Your response must be made up of each line in the data below that contains the string "Violet".

----- Extracted material

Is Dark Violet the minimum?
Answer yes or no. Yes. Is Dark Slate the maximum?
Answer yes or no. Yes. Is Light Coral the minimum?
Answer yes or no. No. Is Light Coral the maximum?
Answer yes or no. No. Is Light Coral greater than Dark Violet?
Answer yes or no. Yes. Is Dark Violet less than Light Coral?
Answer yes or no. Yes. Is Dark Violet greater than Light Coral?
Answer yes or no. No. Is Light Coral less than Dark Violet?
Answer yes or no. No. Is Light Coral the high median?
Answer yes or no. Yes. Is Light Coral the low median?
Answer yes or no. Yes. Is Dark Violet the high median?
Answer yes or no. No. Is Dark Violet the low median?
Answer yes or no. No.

----------
----- Extracted material

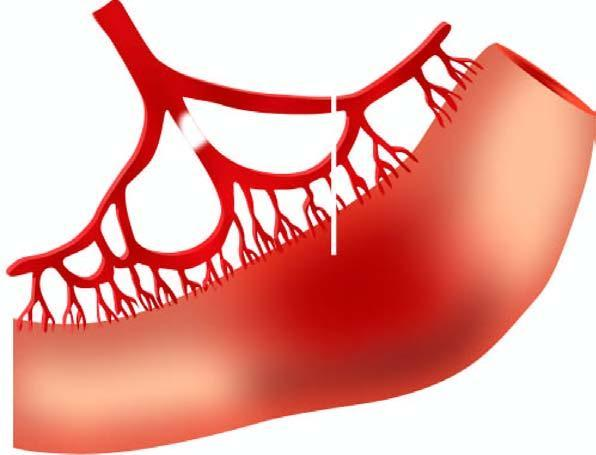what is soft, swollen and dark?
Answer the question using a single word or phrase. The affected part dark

----------

§ **Response to this task**:
Is Dark Violet the minimum?
Answer yes or no. No. Is Light Coral greater than Dark Violet?
Answer yes or no. Yes. Is Dark Violet less than Light Coral?
Answer yes or no. Yes. Is Dark Violet greater than Light Coral?
Answer yes or no. No. Is Light Coral less than Dark Violet?
Answer yes or no. Yes. Is Dark Violet the high median?
Answer yes or no. No. Is Dark Violet the low median?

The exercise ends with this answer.